Het sluit naadloos aan op de huidige tijdsgeest: juist omdat het theoretisch mogelijk is om oneindig op te schalen, maakt het bedrijven wendbaar. Eigenlijk hoeven bedrijven niet meer aan capaciteitsplanning te doen. Of in ieder geval veel minder.

Met name Amazon Web Services heeft de bekendheid van de ‘serverloze’ architectuur groot gemaakt. De ‘stack’ bestaat uit Lambda voor de compute service, de ‘API Gateway’, DynamoDB voor databases en S3 voor opslag. Deze basis is uit te breiden met AWS’ aanvullende diensten. Maar behalve Amazon beschikken ook Microsoft, Google en IBM inmiddels over een vergelijkbaar platform. De verwachting is dat anderen zullen volgen.

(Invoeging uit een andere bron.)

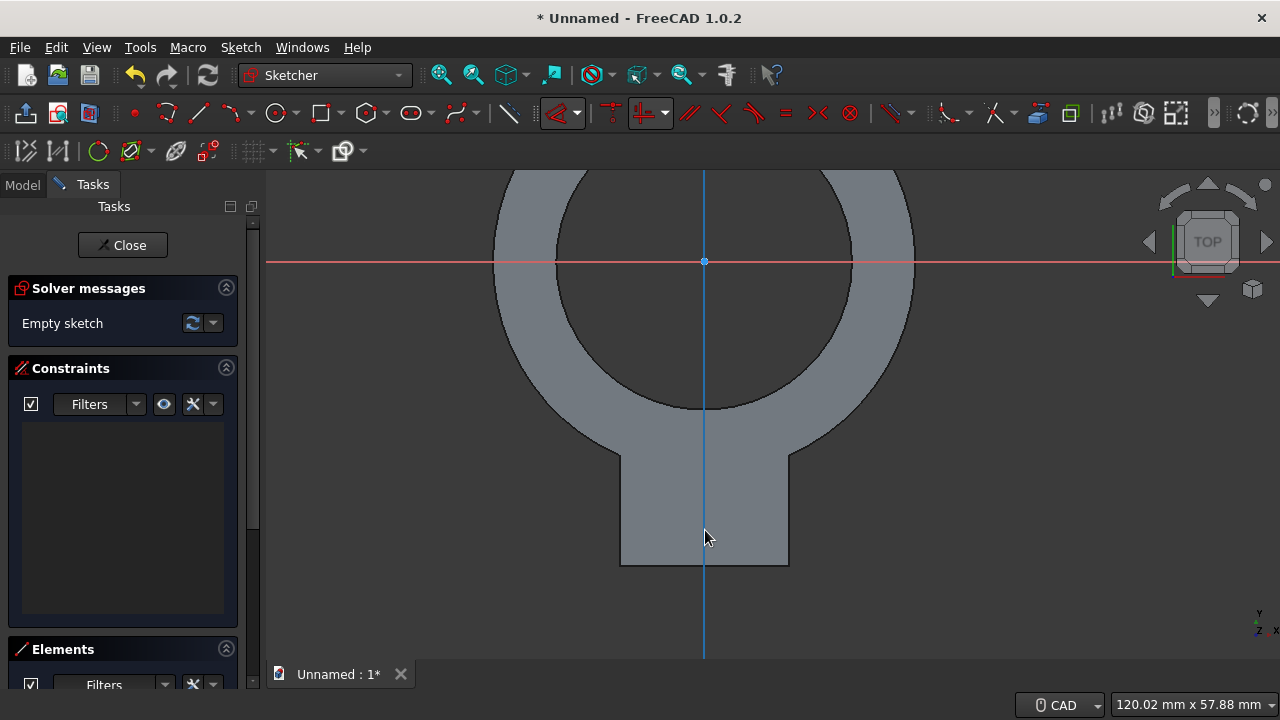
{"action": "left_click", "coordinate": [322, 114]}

Bedrijven gebruiken het onder meer voor mobiele backends, Internet of Things, big data of automatisering van processen. Zaken die hoe dan ook meer aandacht krijgen. Volgens IBM’s belangrijkste cloudbaas wordt deze ‘Infrastructure as a Service’ maar dan zonder verantwoordelijk over virtuele servers daarom een enorme groeimarkt. Tot 2021 zal die naar zijn verwachting zeven tot tien keer uitdijen. Een enquête van Sumo Logic onder eigen klanten die werken met ‘de grote drie’ laat de populariteit al zien. De omarming van Lambda nam bijvoorbeeld in een jaar tijd toe van twaalf naar 23 procent.

 

‘Zorgen zijn niet ineens verdwenen’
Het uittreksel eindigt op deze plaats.